Sukma baru memakan nasi sebanyak lima suap ke mulutnya dan ditelan hingga masuk ke dalam perutnya tiba-tiba terhenti ketika mendengar seorang pria mencarinya dari luar ruangannya.
“Bisa bicara dengan Mbak Sukma?”
“Mohon maaf, Pak. Tidak ada yang namanya Sukma di sini.”
“Bohong. Saya ingin bertemu dengannya sekarang. Panggilkan dia sekarang!” teriak seorang pria.
Keributan di luar ruangannya yang berada di lantai satu jauh di bawah tangga membuat Sukma bergegas keluar ruangan dengan mempercepat langkahnya dan ditemani oleh rekan kerjanya bernama Ani Sundari.
Sukma dituntun oleh Ani dengan berada di sampingnya dan siap menerima caci makian dari seseorang yang kemungkinan protes atas pelayanannya melalui telepon.
Namun, langkah Sukma terhenti ketika mendengar nama ayahnya disebutkan dalam kondisi yang membuatnya hampir terjatuh dan dipegang oleh Ani secepat kilat.
“Mbak Sukma, Ayah Anda kecelakaan. Tolong cepat kemari dan ikut saya!” panggil pria itu dengan nada tinggi.
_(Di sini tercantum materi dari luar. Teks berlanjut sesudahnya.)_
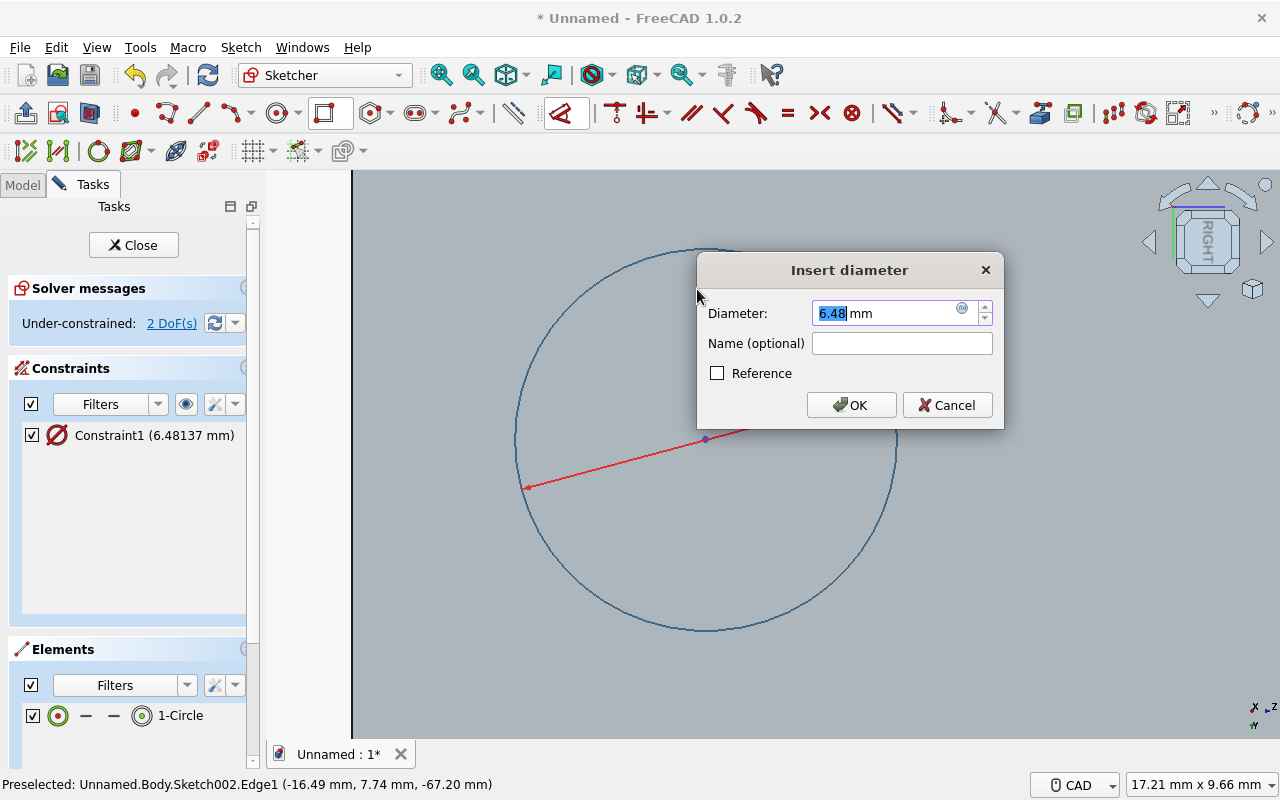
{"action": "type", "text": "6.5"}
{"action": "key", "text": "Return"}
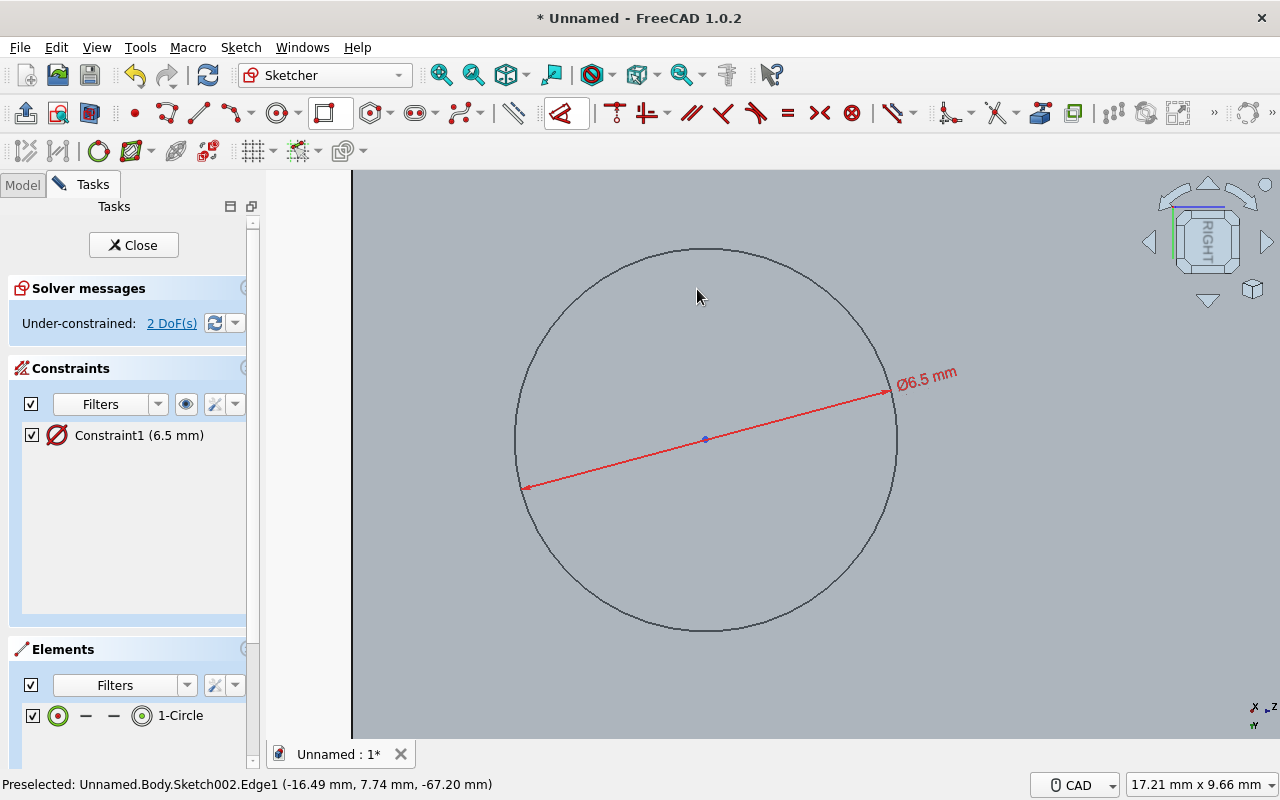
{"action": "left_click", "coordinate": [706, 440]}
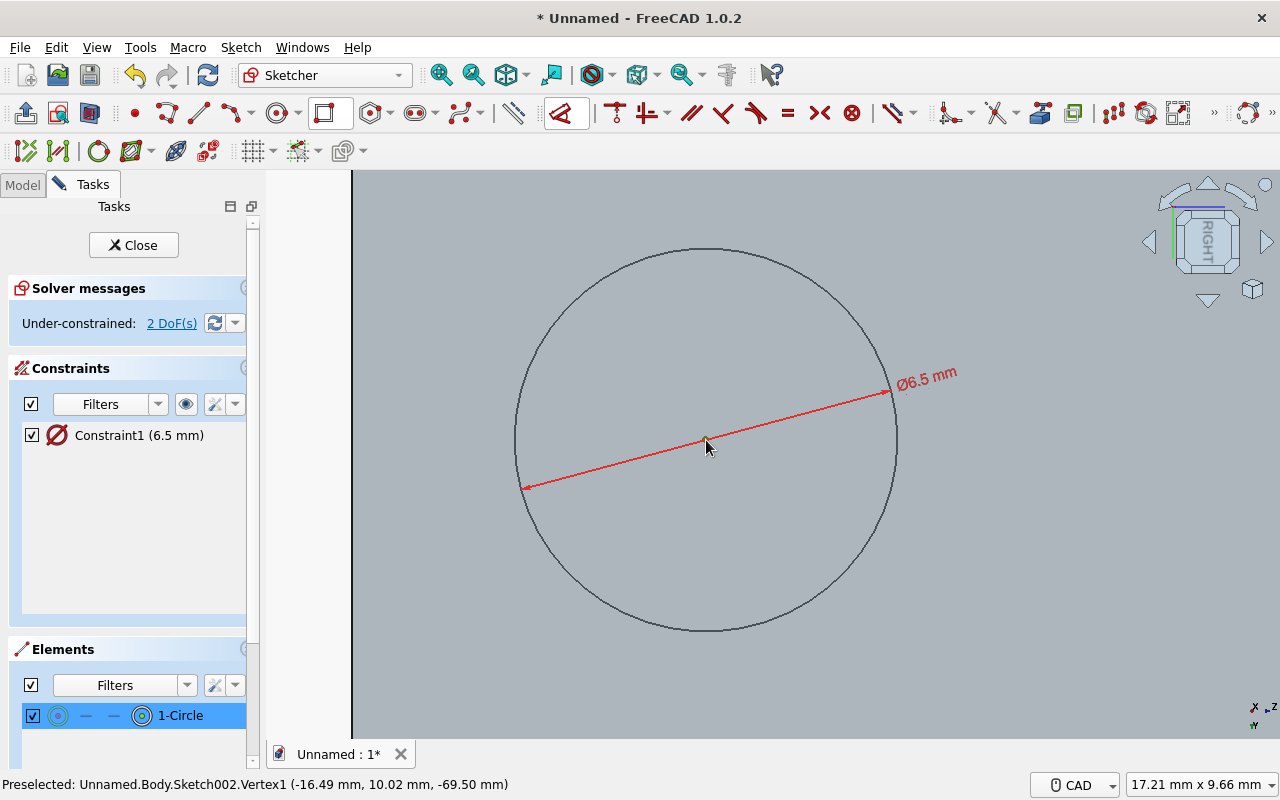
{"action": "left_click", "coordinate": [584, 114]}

Jantung Sukma berhenti berdetak selama beberapa detik dan darah seperti tidak memompa ke seluruh tubuhnya hingga membuatnya sedikit pusing.
Sukma kaget bukan main. Ia berdiri dan berdiam selama lima menit untuk menyeimbangkan tubuh dan pikirannya setelah mendapatkan kabar ayahnya mengalami kecelakaan.
“Apakah Anda tahu nama Ayah Mbak Sukma, Pak?”
“Ya, nama ayahnya adalah Nurdi Angkasa. Panggil dia sekarang, Mbak. Ayahnya membutuhkannya di rumah sakit!” sentak seorang pria.
Salah satu karyawan resepsionis memasuki ruangannya dengan terburu-buru dan panik ketika melihat kondisi Sukma yang pucat dan hampir tumbang sembari memegang tangannya.
“Apakah Mbak baik-baik saja?”
“Saya baik-baik saja, Mbak. Siapa pria itu, Mbak? Apa yang dikatakan oleh pria itu?” tanya Sukma penasaran, padahal ia sudah mendengar jelas perkataan pria itu.
“Pria itu sepertinya teman Ayah Mbak. Dia menginginkan Mbak untuk datang ke sana karena ....”
“Saya sudah mendengarnya, Mbak.”
“Apakah Mbak tidak apa-apa mendengar kabar itu?”
Sukma tersenyum tipis sambil mengambil dan membuang napas perlahan dengan perut yang terasa menegang. “Tidak apa-apa, Mbak.”
“Saya yang mengantar Sukma ke depan, Mbak,” kata Ani sembari memegang lengannya.